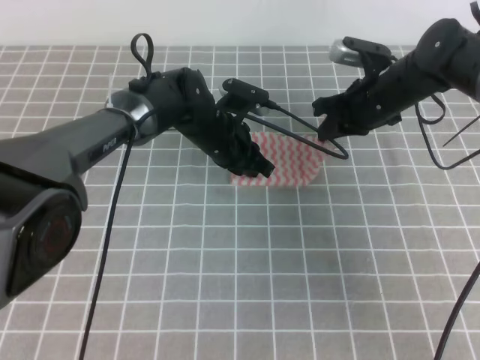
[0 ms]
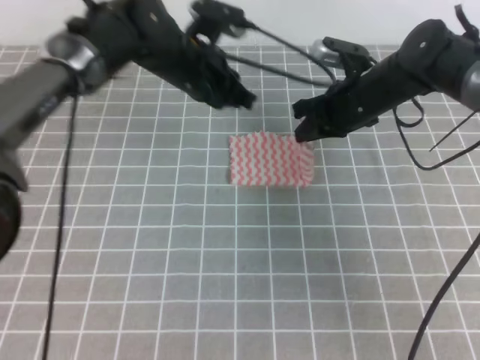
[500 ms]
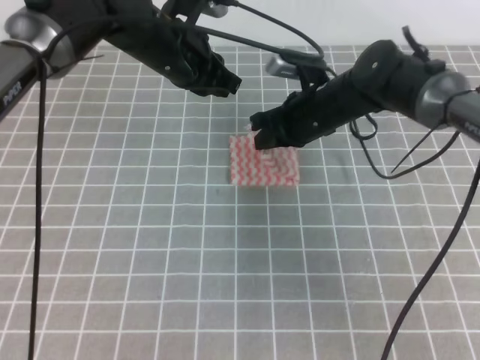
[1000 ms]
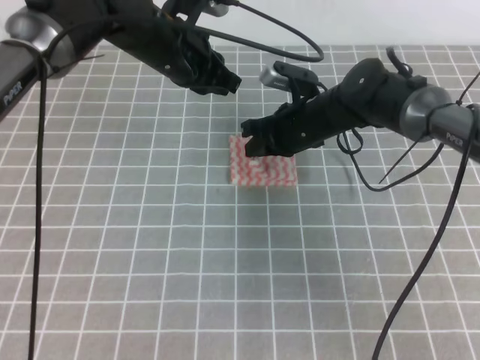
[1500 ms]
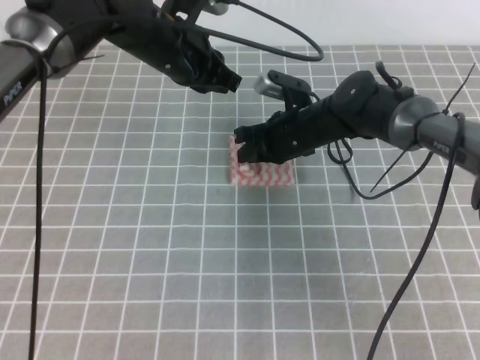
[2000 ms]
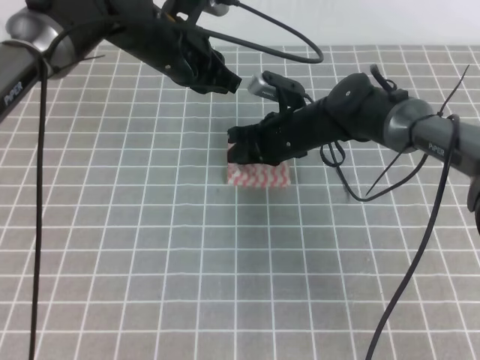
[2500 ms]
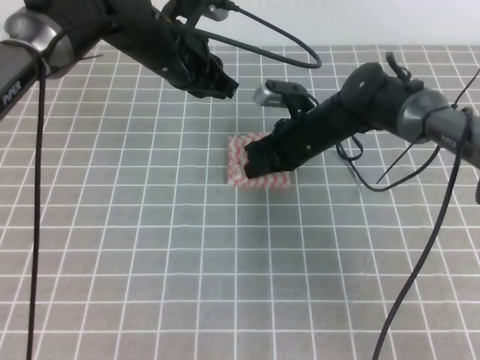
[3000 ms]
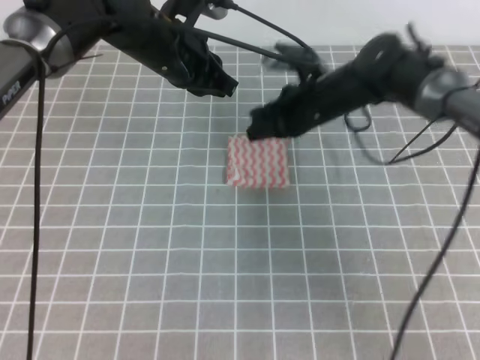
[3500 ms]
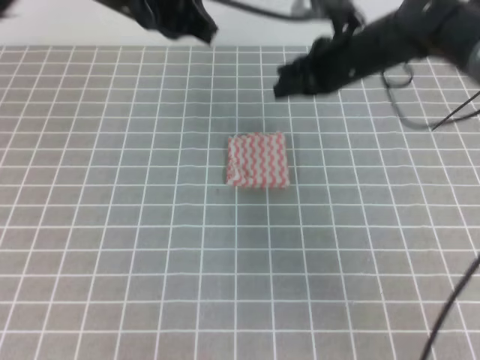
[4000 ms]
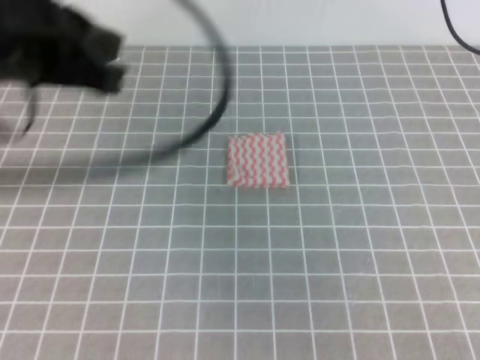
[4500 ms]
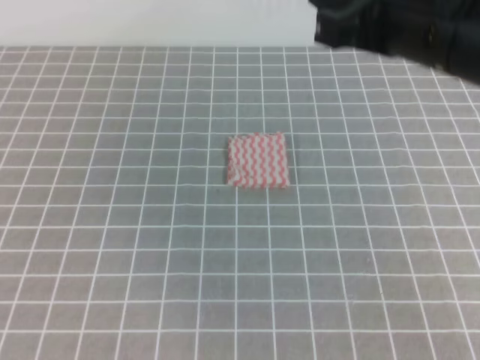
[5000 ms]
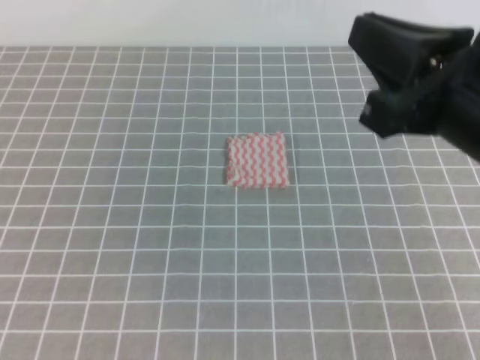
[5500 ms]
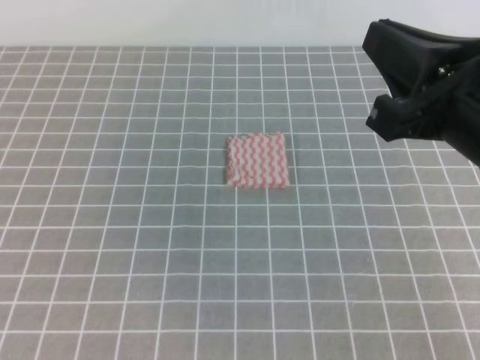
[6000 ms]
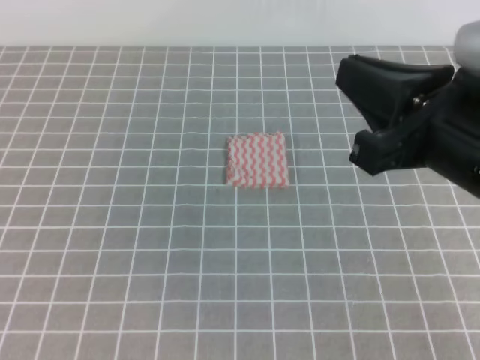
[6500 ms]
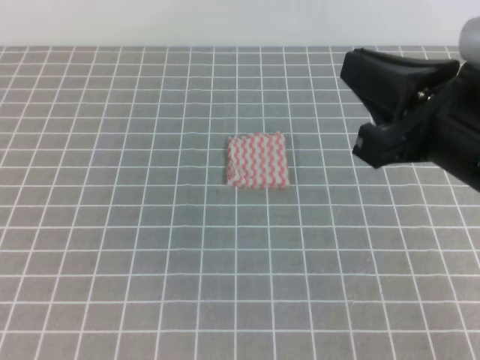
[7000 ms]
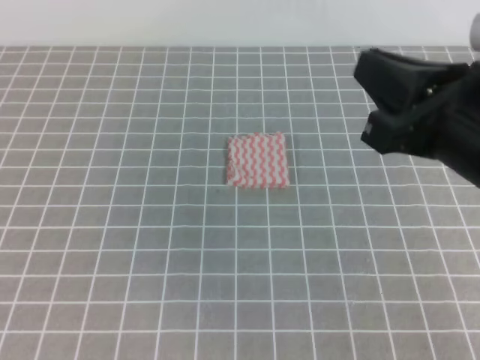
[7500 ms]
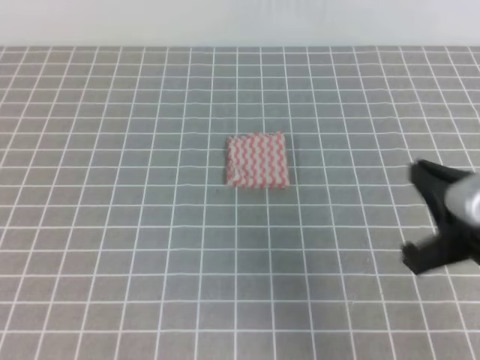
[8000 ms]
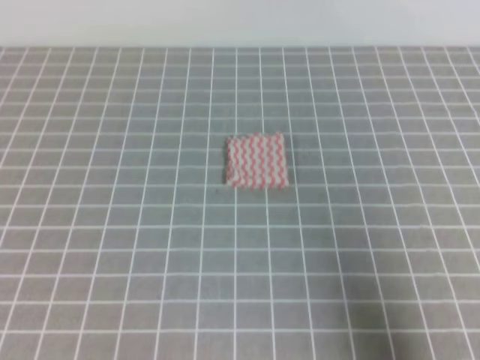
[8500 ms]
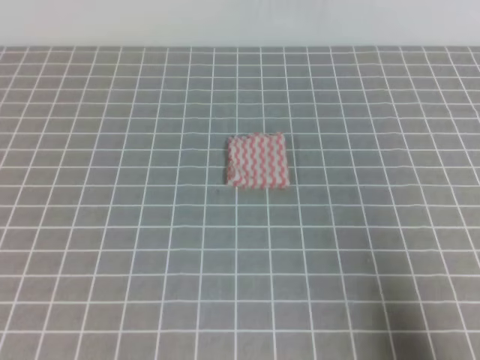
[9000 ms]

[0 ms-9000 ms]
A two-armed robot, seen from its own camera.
0 ms to 2000 ms: The right gripper moves to the left, some 10 cm; the left gripper is displaced upward and to the left by some 15 cm.
2000 ms to 4500 ms: The left gripper is displaced backward, upward and to the left by approximately 25 cm. The right gripper heads upward, covering about 25 cm, and opens and closes again.
4500 ms to 7000 ms: The left gripper travels backward, to the left and downward by some 25 cm; the right gripper goes approximately 20 cm backward.
7000 ms to 9000 ms: The right gripper moves downward, to the right and backward, roughly 25 cm.

══════════════════════════════

• The task:
Write every line above out again exactly; pictures do not belong in the copy.

• Completed exercise:
[0 ms]
[500 ms]
[1000 ms]
[1500 ms]
[2000 ms]
[2500 ms]
[3000 ms]
[3500 ms]
[4000 ms]
[4500 ms]
[5000 ms]
[5500 ms]
[6000 ms]
[6500 ms]
[7000 ms]
[7500 ms]
[8000 ms]
[8500 ms]
[9000 ms]

[0 ms-9000 ms]
A two-armed robot, seen from its own camera.
0 ms to 2000 ms: The right gripper moves to the left, some 10 cm; the left gripper is displaced upward and to the left by some 15 cm.
2000 ms to 4500 ms: The left gripper is displaced backward, upward and to the left by approximately 25 cm. The right gripper heads upward, covering about 25 cm, and opens and closes again.
4500 ms to 7000 ms: The left gripper travels backward, to the left and downward by some 25 cm; the right gripper goes approximately 20 cm backward.
7000 ms to 9000 ms: The right gripper moves downward, to the right and backward, roughly 25 cm.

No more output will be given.